Retype word for word the line containing "- car <box>0,229,22,256</box>" and each line that follows it in the records below, through the last one, with no pictures.

# Task input
BEGIN

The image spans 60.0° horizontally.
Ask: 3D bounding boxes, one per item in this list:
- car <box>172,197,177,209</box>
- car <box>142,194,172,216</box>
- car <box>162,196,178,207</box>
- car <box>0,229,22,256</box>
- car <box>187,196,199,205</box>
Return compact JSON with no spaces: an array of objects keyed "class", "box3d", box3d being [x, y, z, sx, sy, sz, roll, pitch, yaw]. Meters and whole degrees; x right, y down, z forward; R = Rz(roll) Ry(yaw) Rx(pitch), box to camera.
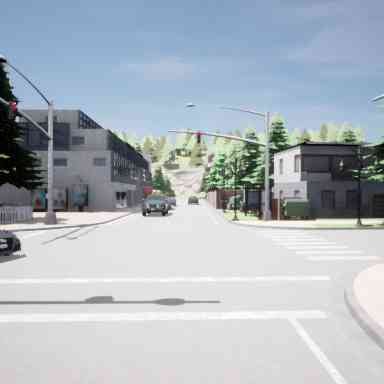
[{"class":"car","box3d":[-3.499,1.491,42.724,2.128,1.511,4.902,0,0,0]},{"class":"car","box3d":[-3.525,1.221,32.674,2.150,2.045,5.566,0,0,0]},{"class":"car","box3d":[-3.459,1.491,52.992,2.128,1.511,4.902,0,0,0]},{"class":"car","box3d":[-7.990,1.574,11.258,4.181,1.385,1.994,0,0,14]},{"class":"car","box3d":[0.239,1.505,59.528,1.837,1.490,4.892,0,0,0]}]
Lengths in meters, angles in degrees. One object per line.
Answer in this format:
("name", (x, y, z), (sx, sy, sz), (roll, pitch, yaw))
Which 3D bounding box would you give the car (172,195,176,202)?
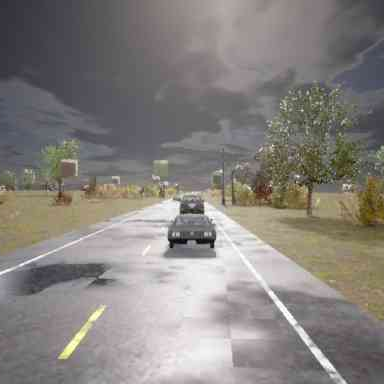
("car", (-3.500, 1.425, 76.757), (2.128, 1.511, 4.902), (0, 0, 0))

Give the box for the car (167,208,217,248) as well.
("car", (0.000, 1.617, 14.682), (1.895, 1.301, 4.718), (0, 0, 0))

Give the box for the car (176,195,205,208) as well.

END

# Output of the task
- car <box>0,229,22,256</box>
- car <box>187,196,199,205</box>
Return compact JSON with no spaces: an array of objects keyed "class", "box3d", box3d being [x, y, z, sx, sy, sz, roll, pitch, yaw]. Meters and whole degrees; x right, y down, z forward; R = Rz(roll) Ry(yaw) Rx(pitch), box to camera.
[{"class":"car","box3d":[-3.499,1.491,42.724,2.128,1.511,4.902,0,0,0]},{"class":"car","box3d":[-3.525,1.221,32.674,2.150,2.045,5.566,0,0,0]},{"class":"car","box3d":[-3.459,1.491,52.992,2.128,1.511,4.902,0,0,0]},{"class":"car","box3d":[-7.990,1.574,11.258,4.181,1.385,1.994,0,0,14]},{"class":"car","box3d":[0.239,1.505,59.528,1.837,1.490,4.892,0,0,0]}]
Lengths in meters, angles in degrees. One object per line.
Answer in this format:
("name", (x, y, z), (sx, sy, sz), (roll, pitch, yaw))
Which 3D bounding box would you give the car (172,195,176,202)?
("car", (-3.500, 1.425, 76.757), (2.128, 1.511, 4.902), (0, 0, 0))

Give the box for the car (167,208,217,248) as well.
("car", (0.000, 1.617, 14.682), (1.895, 1.301, 4.718), (0, 0, 0))

Give the box for the car (176,195,205,208) as well.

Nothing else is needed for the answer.